I find that if I am very slow and deliberate -- ie, if I wait for a lock/unlock command to complete & report back before doing moving on to the next lock -- it works. But if I overlap the lock/unlock commands at all (or issue other Zwave commands before the lock has completed + reported back) it almost always runs in to the trouble symptoms.

I'm attaching a new log from this morning with the quieter mesh only covering 1 hour. The locks are nodes 12, 13, and 15. (Side note: I also see two Trisensors still reporting Illuminance every 3 minutes in here, I'll go wake them up now). Does this new log still indicate the 700 Series ATF issues?

If you need me to repeat with more specific timestamps of when I issued commands vs. what happens + when, or a Zniffer capture to go along with a ZwaveJS log, I'm happy to do so. I appreciate you trying to help me sort this out.

TRIMMED_zwavejs_2022-04-21.log

AlCalzone commented 2 years ago

The controller is still jammed once for roughly a second or two while the onslaught of commands from the network is coming. I think there is still another underlying issue, but this is roughly what happens:

They don't support Security S2, do they? This would also help a ton.


What worries me a bit are the route speeds used. Out of 213 transmission reports,

The fallback speed seems to be used for every communication with the locks, which could be caused by either:

zwavejs2mqtt has a tool (similar to the one in PC Controller) to diagnose the link between a node and the controller and between two nodes. After you've made sure of a good controller placement and healed, I'd use that to figure out where the link goes bad:

Make sure to initiate the check on the locks towards the other nodes, as FLiRS devices as check targets would introduce incorrect delays.

jdiegmueller commented 2 years ago

@AlCalzone, will review your advice about device routing in the next day or two. Thank you. I do use a USB extension cable to mount the Zstick in a position that it has direct line of sight to 2 of the locks, so I'm surprised all of the strange routing is even necessary.

I did move everything to an Aeotec Zstick Gen5+ and there was definitely improvement: the lock/unlock commands work reliabily now. The feedback from the lock that it is locked/unlocked is occasionally still spotty (complaints about timeouts and expired nonces, similar to https://github.com/zwave-js/node-zwave-js/issues/4508) but I'll focus on the bits you suggested before reporting back with more detail.

To your S0 vs S2 question: Is there an S2-supporting deadbolt you know is reliable? I'm not married to these Kwikset 914s. I bought them because they were Zwave Plus assuming that meant S2, but of course that turned out to be an incorrect assumption.

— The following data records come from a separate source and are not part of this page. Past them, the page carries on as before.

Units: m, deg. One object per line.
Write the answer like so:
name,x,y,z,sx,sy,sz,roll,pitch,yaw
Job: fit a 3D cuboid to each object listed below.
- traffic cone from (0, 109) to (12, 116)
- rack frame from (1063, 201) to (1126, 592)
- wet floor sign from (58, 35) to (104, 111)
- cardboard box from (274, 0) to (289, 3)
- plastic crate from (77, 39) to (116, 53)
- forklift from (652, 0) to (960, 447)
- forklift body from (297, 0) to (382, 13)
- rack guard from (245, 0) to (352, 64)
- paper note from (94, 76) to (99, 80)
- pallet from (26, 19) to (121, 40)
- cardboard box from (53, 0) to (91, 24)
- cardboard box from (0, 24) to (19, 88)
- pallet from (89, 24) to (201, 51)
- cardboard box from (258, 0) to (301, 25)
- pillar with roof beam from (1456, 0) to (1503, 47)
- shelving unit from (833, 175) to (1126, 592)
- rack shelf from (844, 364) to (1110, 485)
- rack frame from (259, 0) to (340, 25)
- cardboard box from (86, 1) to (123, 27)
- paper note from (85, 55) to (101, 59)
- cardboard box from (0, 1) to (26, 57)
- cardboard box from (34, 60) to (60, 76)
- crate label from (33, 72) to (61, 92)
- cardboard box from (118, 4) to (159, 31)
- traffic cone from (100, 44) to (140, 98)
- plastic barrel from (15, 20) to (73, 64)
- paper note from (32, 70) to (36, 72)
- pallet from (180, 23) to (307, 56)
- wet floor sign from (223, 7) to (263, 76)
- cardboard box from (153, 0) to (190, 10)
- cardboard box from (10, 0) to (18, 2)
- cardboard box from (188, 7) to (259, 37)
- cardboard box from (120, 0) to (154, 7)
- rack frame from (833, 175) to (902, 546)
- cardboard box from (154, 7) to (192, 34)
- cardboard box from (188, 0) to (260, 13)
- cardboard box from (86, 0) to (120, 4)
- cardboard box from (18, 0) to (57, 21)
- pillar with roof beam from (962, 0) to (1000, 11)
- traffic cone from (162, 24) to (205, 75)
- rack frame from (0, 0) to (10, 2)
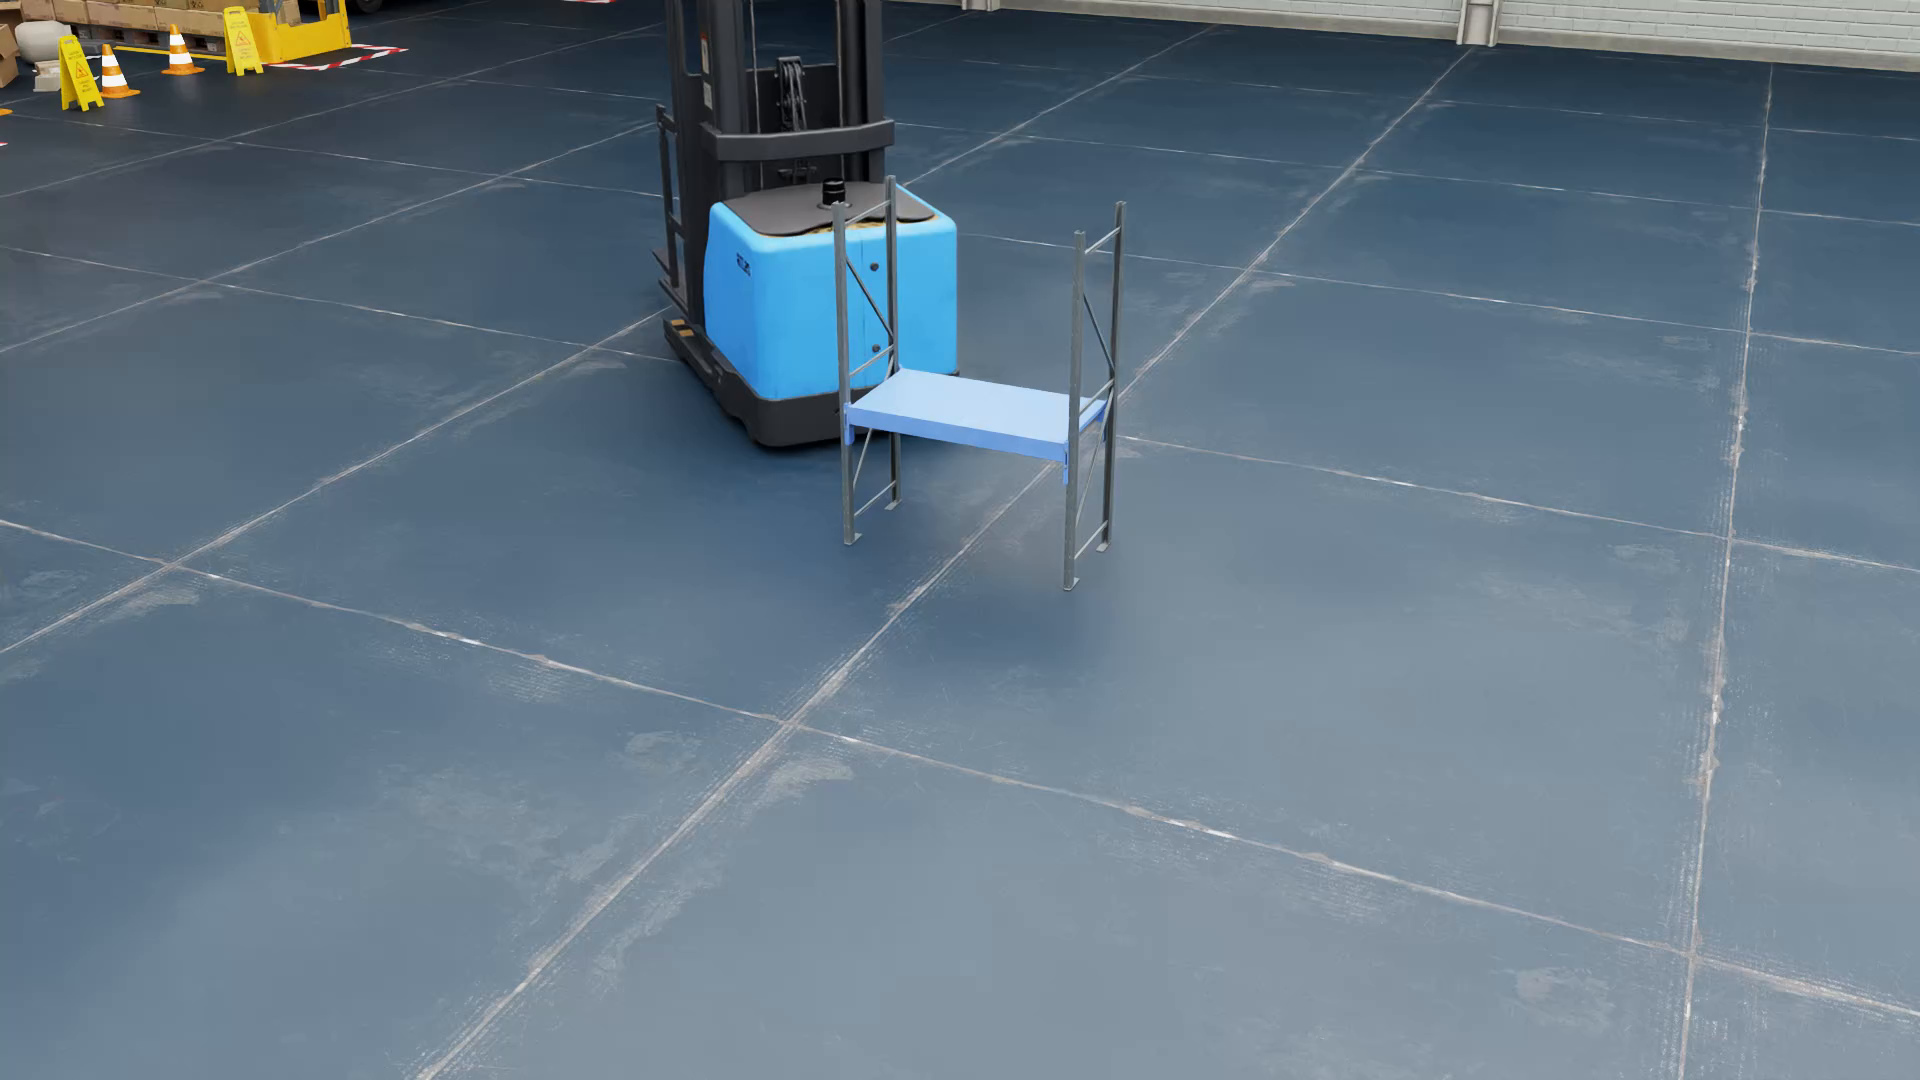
traffic cone,-8.841,-4.079,15.012,0.334,0.463,0.336,11,28,22
rack frame,0.540,-0.564,6.698,0.032,1.500,0.500,11,28,22
wet floor sign,-8.099,-4.284,15.221,0.232,0.644,0.267,6,27,13
cardboard box,-7.630,-6.112,18.057,0.500,0.500,0.500,10,28,20
plastic crate,-9.540,-5.363,18.052,0.583,0.080,0.402,2,26,4
forklift,-1.039,-2.390,8.787,1.130,2.935,3.031,-11,28,-20
forklift body,-7.418,-7.787,20.632,1.214,2.155,2.313,11,28,22
rack guard,-7.057,-5.451,17.755,0.348,0.500,1.175,11,28,22
paper note,-8.673,-4.599,16.556,0.142,0.019,0.148,2,26,4
pallet,-10.003,-5.930,19.055,1.213,0.211,1.003,11,28,22
cardboard box,-9.713,-5.935,18.546,0.500,0.250,0.500,13,29,25
cardboard box,-9.635,-4.741,16.311,0.637,0.503,0.797,-7,27,-14
pallet,-8.889,-5.708,18.604,1.213,0.211,1.003,11,28,22
cardboard box,-7.608,-5.772,18.215,0.500,0.250,0.500,11,28,21
pillar with roof beam,3.944,-7.811,12.927,0.400,9.000,9.100,11,28,22
shelving unit,0.078,-0.657,6.887,1.048,1.500,0.538,11,28,22
rack shelf,0.078,-0.496,6.967,1.000,0.185,0.538,11,28,22
rack frame,-6.988,-6.558,17.175,0.127,3.000,1.000,11,28,22
cardboard box,-9.229,-5.839,18.351,0.500,0.250,0.500,11,28,21
paper note,-9.197,-5.119,17.613,0.148,0.019,0.142,2,26,4
cardboard box,-10.217,-5.426,17.702,0.500,0.500,0.500,-12,29,-23
cardboard box,-9.017,-4.707,16.641,0.380,0.149,0.250,-18,31,-31
crate label,-8.805,-4.444,16.122,0.298,0.136,0.250,-2,26,-5
cardboard box,-8.782,-5.744,18.158,0.500,0.250,0.500,10,28,20
traffic cone,-8.063,-4.472,15.808,0.334,0.463,0.336,11,28,22
plastic barrel,-9.495,-5.171,17.274,0.512,0.421,0.421,-12,29,-23
paper note,-9.384,-4.809,16.996,0.142,0.019,0.148,23,35,39
pallet,-7.782,-5.484,18.149,1.213,0.211,1.003,11,28,22
wet floor sign,-7.258,-5.037,16.750,0.232,0.644,0.267,23,35,39
cardboard box,-8.302,-5.985,17.799,0.500,0.500,0.500,12,29,24
cardboard box,-11.108,-6.394,19.341,0.625,0.372,0.950,12,29,22
cardboard box,-7.857,-5.557,17.779,0.500,0.250,0.500,11,28,22
cardboard box,-8.758,-6.080,17.992,0.500,0.500,0.500,11,28,21
rack frame,-0.385,-0.750,7.076,0.032,1.500,0.500,11,28,22
cardboard box,-8.304,-5.651,17.969,0.500,0.250,0.500,11,28,22
cardboard box,-7.825,-5.891,17.608,0.500,0.500,0.500,12,28,22
cardboard box,-9.241,-6.176,18.186,0.500,0.500,0.500,13,29,24
cardboard box,-10.204,-6.028,18.735,0.500,0.250,0.500,10,28,19
pillar with roof beam,-1.518,-8.908,15.155,0.400,9.000,9.100,11,28,22
traffic cone,-7.913,-4.980,16.841,0.334,0.463,0.336,11,28,22
rack frame,-10.629,-7.290,18.660,0.127,3.000,1.000,11,28,22

jdiegmueller commented 2 years ago

To your S0 vs S2 question: Is there an S2-supporting deadbolt you know is reliable? I'm not married to these Kwikset 914s. I bought them because they were Zwave Plus assuming that meant S2, but of course that turned out to be an incorrect assumption.

Looks like Kwikset has a newer model called the Home Connect 620 that does include S2:

I am going to order one of these today, and if they work well I'll replace the 914s with these guys.

Botched1 commented 2 years ago

I have 3x HomeConnect 620 zwave700 models working just fine. Make sure you get one of the new 700 series ones, if you can - can be tricky sometimes as the model number is the same - HomeConnect 620.

zwave-js-assistant[bot] commented 2 years ago

This issue has not seen any recent activity and was marked as "stale 💤". Closing for housekeeping purposes... 🧹

Feel free to reopen if the issue persists.